Day 1 — Documents and Audit: Collect RERA registration document, project brochure, floor plans, price list, existing brand assets. Run a full audit of any existing ad accounts, website, and tracking setup. Document everything you find — good and bad. Share a brief audit summary with the client by end of day. Day 2–3 — Research and Review: Keyword research (final list shared with client — not for approval on every keyword, but so they understand the strategy). Competitor ad audit: screenshot and annotate the top 5 competitors' current ads. Landing page review: written list of what must be fixed or built before launch. Share all three documents with the client. Day 4 — Structure Draft: Write the complete campaign structure — campaign names, ad group names, keyword assignments, match types, budget allocation, bid strategy plan for Days 1–30. Share this with the client for review. Clients don't always understand every detail, but they appreciate being shown the architecture. It builds trust. Day 5 — Build (No Live Traffic): Build the campaigns in Google Ads. Build or review the landing page. Set up all conversion tracking and test every tag. No traffic yet. Day 6 — Full QA Audit: Test every conversion tag. Submit a test form. Verify the call extension. Check every URL in every ad. Review all extensions. If anything is broken, fix it today — not tomorrow. Day 7 — Go Live: Set conservative daily budget caps (70% of theoretical daily budget for the first 3 days). Monitor every 4 hours for the first 48 hours. Send the client a "we are live" message with the campaign link in Google Ads and confirmation that tracking is working.

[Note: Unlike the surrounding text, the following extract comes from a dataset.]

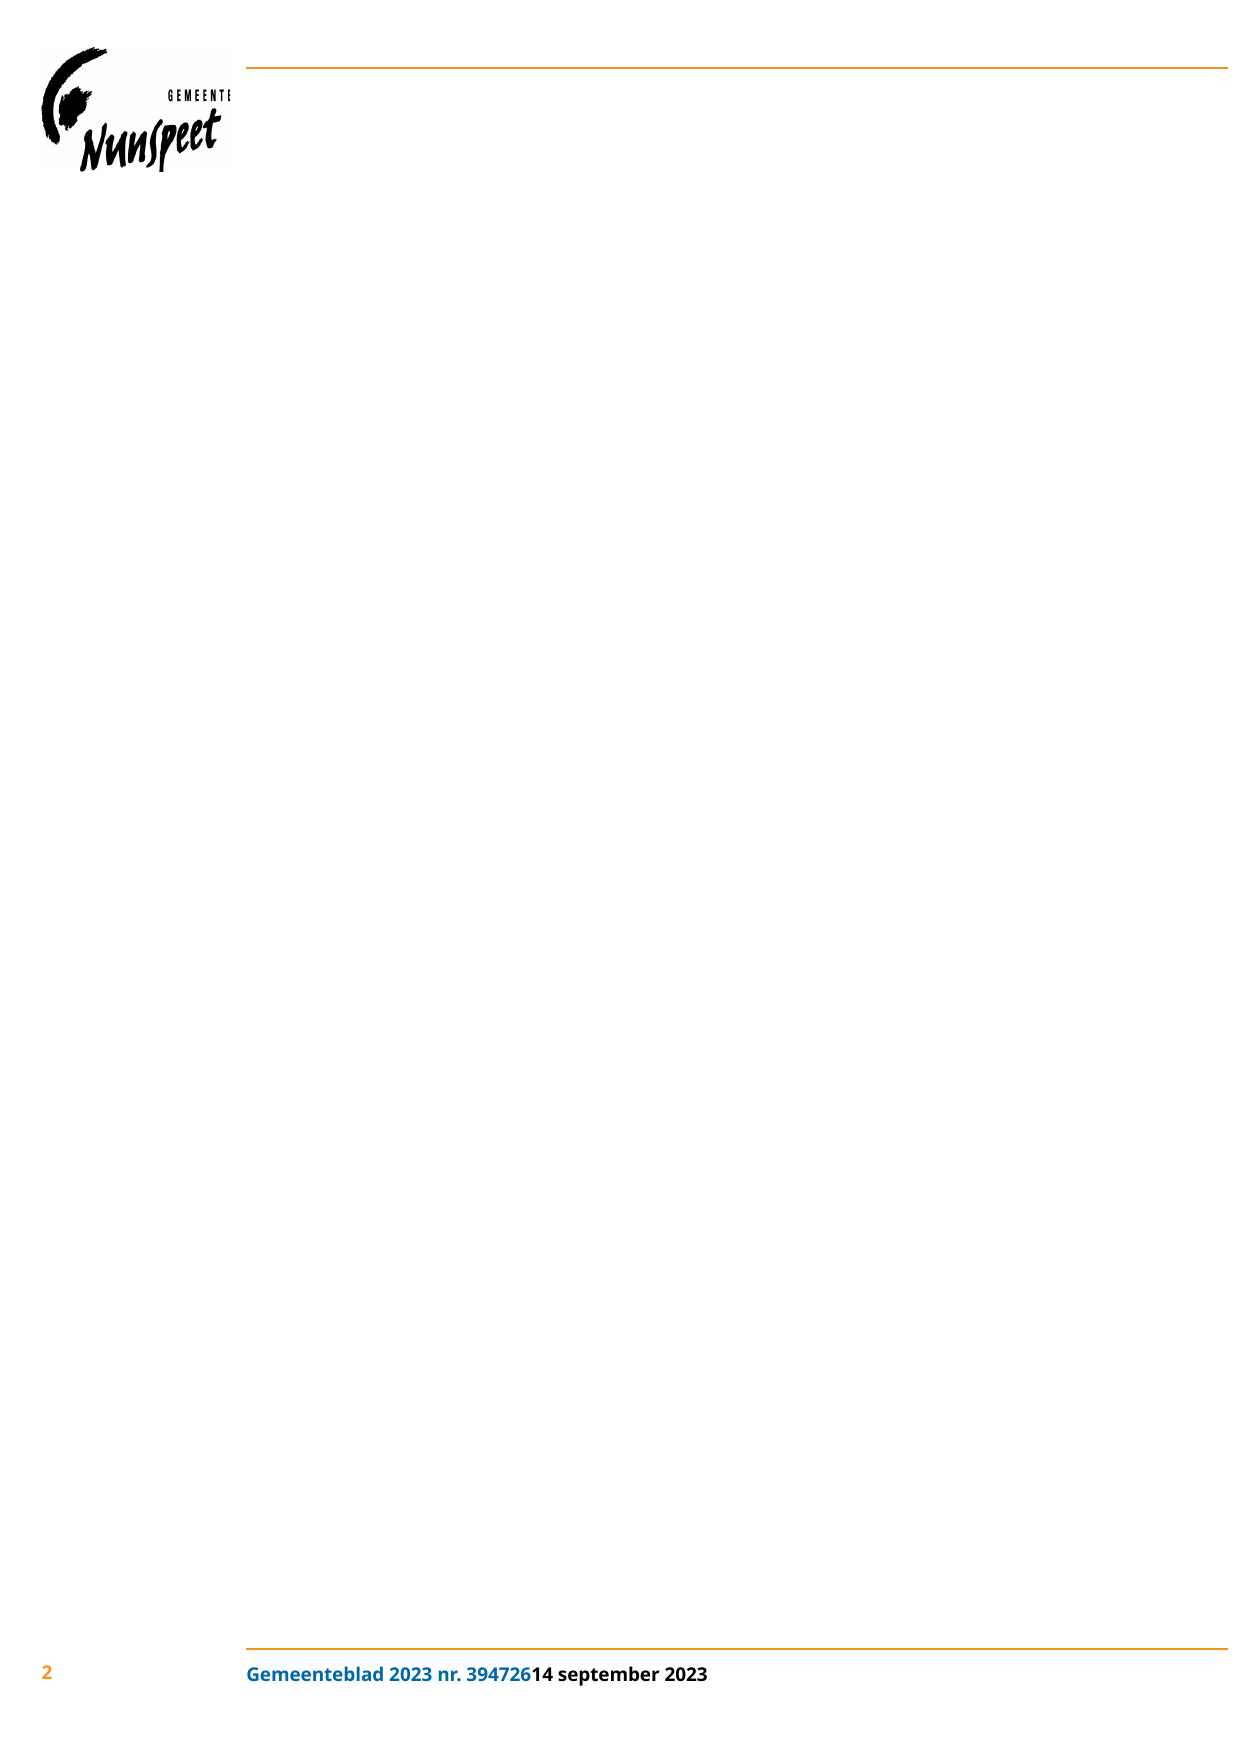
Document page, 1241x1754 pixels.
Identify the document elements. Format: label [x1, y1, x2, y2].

The single change that reduced "when are leads starting?" calls the most: sending the client a Day 7 launch confirmation with a note that says: "Expect the first leads within 5–7 days. The first 14 days are the data collection period — we will not make major changes until we have meaningful signal. Your first weekly report lands next Monday." That sentence sets the expectation, explains the timeline, and tells them exactly when to expect their first update. Most client anxiety in the first two weeks comes from silence. This protocol eliminates silence.

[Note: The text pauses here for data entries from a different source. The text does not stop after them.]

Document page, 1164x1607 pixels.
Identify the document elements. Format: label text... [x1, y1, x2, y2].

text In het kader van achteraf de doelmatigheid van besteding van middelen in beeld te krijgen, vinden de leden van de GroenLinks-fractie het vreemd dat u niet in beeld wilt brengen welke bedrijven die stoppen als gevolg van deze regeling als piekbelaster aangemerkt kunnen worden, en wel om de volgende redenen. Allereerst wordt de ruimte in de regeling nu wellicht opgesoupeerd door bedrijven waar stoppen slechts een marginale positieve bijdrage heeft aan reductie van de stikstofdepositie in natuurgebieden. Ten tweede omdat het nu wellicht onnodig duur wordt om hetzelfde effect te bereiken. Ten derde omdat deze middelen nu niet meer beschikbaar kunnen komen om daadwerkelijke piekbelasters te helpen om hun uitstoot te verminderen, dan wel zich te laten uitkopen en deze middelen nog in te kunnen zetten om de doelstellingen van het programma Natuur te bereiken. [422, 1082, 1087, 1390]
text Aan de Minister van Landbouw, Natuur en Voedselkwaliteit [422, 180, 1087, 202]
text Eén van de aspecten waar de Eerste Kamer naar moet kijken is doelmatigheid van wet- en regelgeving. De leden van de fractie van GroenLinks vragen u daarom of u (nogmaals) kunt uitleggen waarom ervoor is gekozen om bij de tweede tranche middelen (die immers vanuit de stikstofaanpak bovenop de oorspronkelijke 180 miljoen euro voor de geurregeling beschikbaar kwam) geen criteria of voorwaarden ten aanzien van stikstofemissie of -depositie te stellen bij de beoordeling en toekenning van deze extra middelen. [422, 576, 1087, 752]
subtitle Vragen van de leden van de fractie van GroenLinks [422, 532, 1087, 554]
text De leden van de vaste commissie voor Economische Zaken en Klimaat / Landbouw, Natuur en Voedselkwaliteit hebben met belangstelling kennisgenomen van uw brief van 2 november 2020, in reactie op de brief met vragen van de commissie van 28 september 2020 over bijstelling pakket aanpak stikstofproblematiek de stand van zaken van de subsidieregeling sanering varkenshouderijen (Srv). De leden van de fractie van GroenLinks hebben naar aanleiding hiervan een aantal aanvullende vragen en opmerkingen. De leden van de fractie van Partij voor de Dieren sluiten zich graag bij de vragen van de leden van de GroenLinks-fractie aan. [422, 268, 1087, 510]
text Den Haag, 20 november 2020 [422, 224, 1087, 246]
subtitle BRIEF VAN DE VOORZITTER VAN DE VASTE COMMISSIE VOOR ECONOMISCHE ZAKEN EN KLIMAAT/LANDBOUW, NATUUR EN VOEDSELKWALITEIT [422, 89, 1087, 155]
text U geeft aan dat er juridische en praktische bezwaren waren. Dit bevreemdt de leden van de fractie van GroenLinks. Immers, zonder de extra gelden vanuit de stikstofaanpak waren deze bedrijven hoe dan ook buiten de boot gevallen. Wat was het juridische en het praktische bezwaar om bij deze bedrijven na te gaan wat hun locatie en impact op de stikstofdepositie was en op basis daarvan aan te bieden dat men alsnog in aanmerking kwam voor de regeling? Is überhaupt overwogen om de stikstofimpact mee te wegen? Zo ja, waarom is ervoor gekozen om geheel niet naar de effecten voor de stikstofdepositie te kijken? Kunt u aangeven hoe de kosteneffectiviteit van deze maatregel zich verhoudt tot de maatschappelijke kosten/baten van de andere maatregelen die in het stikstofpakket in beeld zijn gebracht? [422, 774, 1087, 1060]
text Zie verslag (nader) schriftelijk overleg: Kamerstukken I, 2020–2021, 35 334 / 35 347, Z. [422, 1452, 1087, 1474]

These conversations will happen. Rehearse them before they do. The ones who handle them calmly and specifically keep clients. The ones who fumble them lose them.

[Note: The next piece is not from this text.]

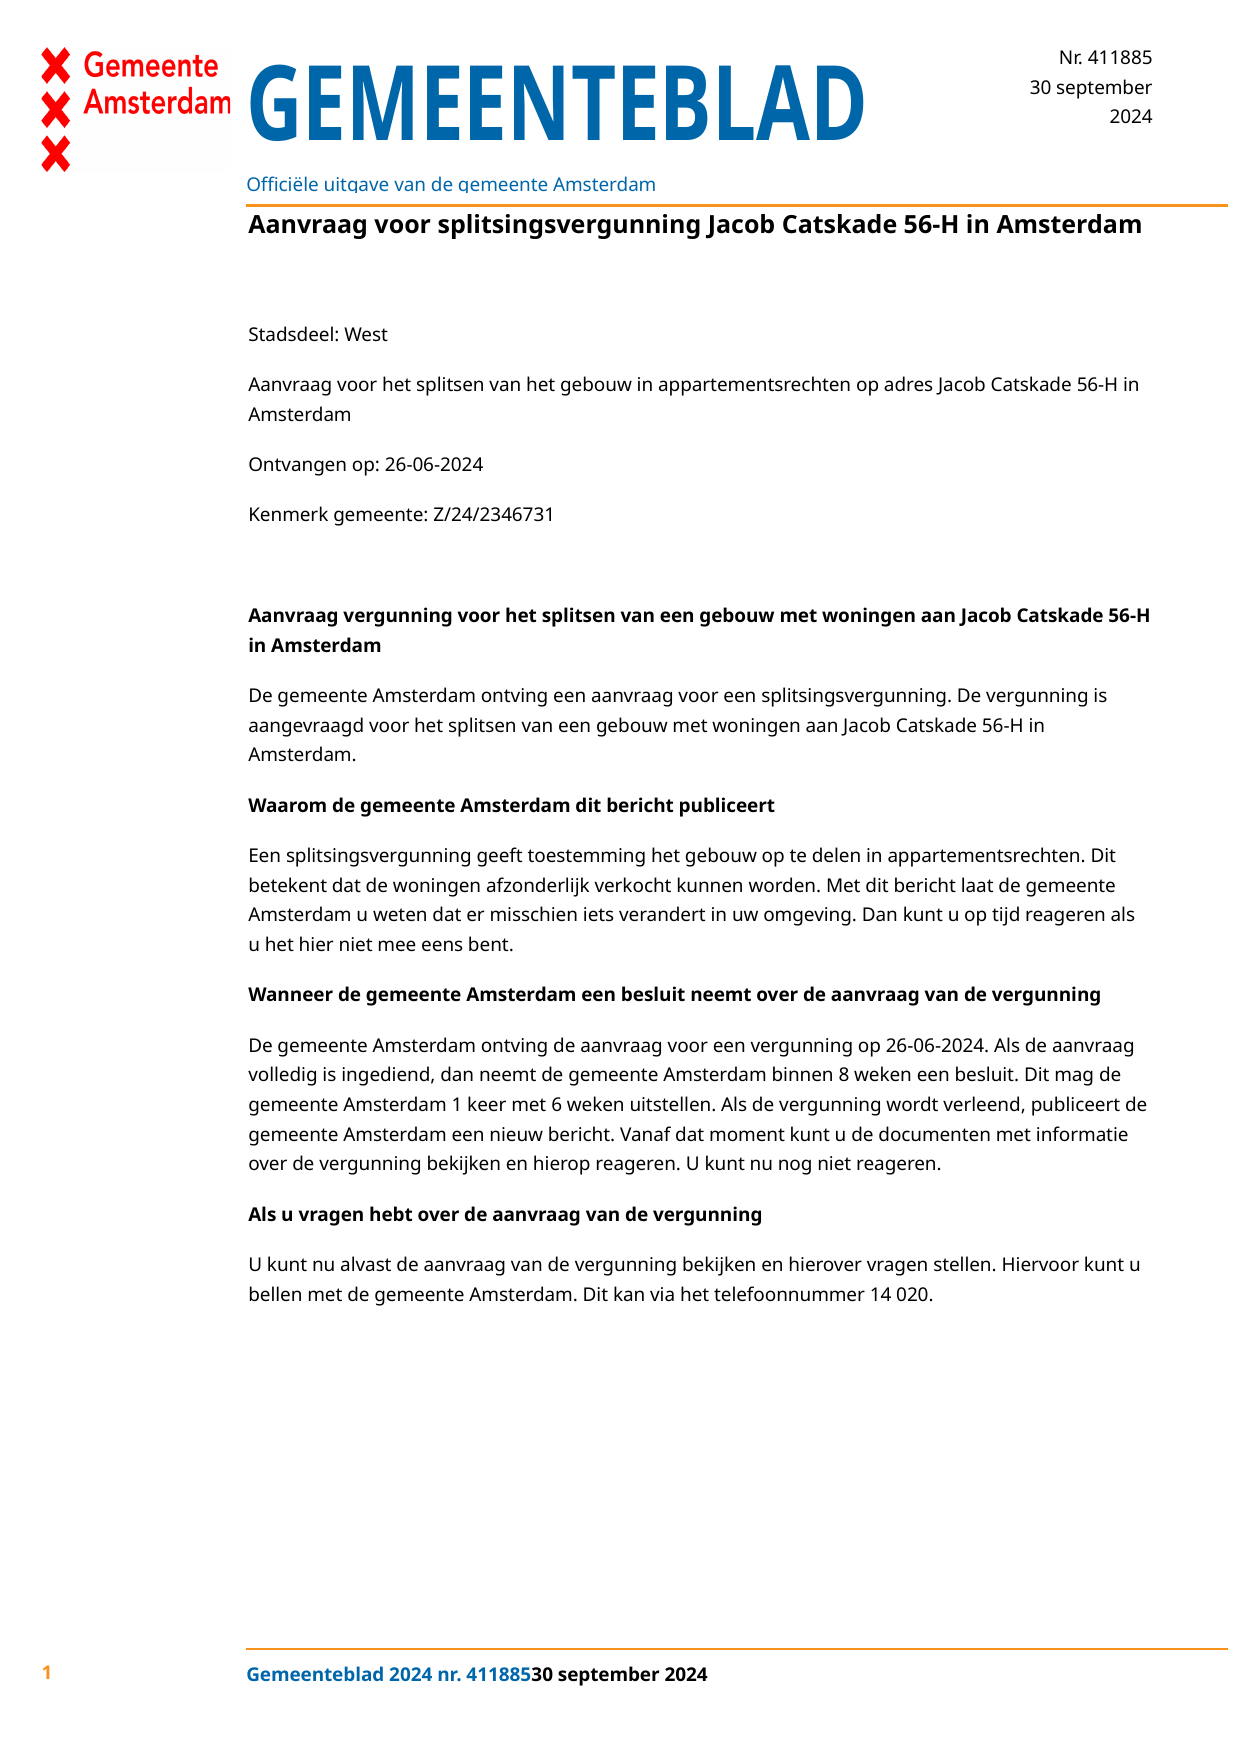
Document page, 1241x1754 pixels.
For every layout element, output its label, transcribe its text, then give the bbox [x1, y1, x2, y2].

The best PPC managers I've met are not necessarily the best at running campaigns. They're the best at managing the space between what clients expect and what campaigns can deliver. That gap is where client relationships are won or lost.
| The Client Says | What They Actually Mean | What You Say |
|---|---|---|
| "When will leads start coming?" | They're anxious about the investment and need a timeline to hold onto. | "First leads typically appear within 5–7 days of going live. Volume builds over the first 30 days as Google's algorithm learns. You'll see the first meaningful lead flow in Week 2. I'll send you a daily update for the first 7 days so you're never in the dark." |
| "Why is CPL so high?" | They've seen a ₹300 CPL for their coaching institute and don't understand why real estate is different. | "Real estate is the most expensive vertical on Google in India — average CPC is ₹50–120 per click because every other developer is bidding on the same keywords. At 7% conversion rate on 15 clicks per lead, a ₹2,500 CPL is actually within benchmark. Let me show you what the top 3 campaigns in your city are spending per lead — it'll put our number in context." |
| "All the leads are bad." | Either the leads genuinely have a quality problem, or the sales team's follow-up is the issue — and they don't know which one yet. | "Let's separate this. Pull up last week's lead sheet. Go through 10 leads together with me right now. For each one: did they answer the phone? Did they know what project they inquired for? Were they in the right budget range? If the answers are mostly yes, the problem may be in the follow-up speed or the sales conversation, not the targeting. If mostly no, we have a targeting fix to make — and I have three specific changes ready." |
| "Can we cut the budget in half?" | Cash flow pressure, or they're not seeing the ROI connection clearly. | "I understand the pressure. Here's what halving the budget means in numbers: we go from 80 leads/month to 35–40. At 10% site visit rate, that's 3–4 site visits instead of 8. At 10% booking rate, that's statistically 0.3 bookings in a month — meaning months can pass without a booking. The minimum budget to see consistent bookings in [city] is [amount]. Below that, the campaign doesn't have enough data to optimise and you're spending money that can't compound." |
| "Can you guarantee bookings?" | They want certainty. They're not actually asking you to guarantee it — they're asking whether you're confident enough to stand behind your work. | "I can't guarantee bookings — and I'd be lying if I said I could. Bookings depend on the sales team's follow-up, the developer's pricing relative to market, and site visit experience — none of which I control. What I can guarantee is a professionally built, continuously optimised campaign that gives you the best possible shot at leads who show up. In similar projects I've run, that's produced [X] bookings over 90 days. That's not a guarantee — it's a track record." |
| "My previous agency got leads at ₹400 CPL." | They're comparing numbers without understanding quality. Almost certainly, the ₹400 leads were from broad match, display, or low-intent traffic. | "A ₹400 CPL in real estate is a red flag, not a benchmark. Either the campaign is running broad match catching non-buyers, or it's getting clicks from low-intent display placements. Ask one question: what was the site visit rate from those leads? If it was below 5%, you were paying ₹400 for leads that were statistically worthless. I'd rather show you a ₹2,500 CPL with 15% site visits than ₹400 CPL with 2%." |
Every student should practise these conversations out loud — not just read them. The words feel very different when you're saying them to a frustrated client versus reading them in a training document. Find a partner. One person plays the client. The other plays the PPC manager. Run the conversation. The moment you stumble is the moment to stop and practice that specific response until it's natural. A rehearsed response sounds confident. An unrehearsed one sounds defensive. Clients feel the difference immediately.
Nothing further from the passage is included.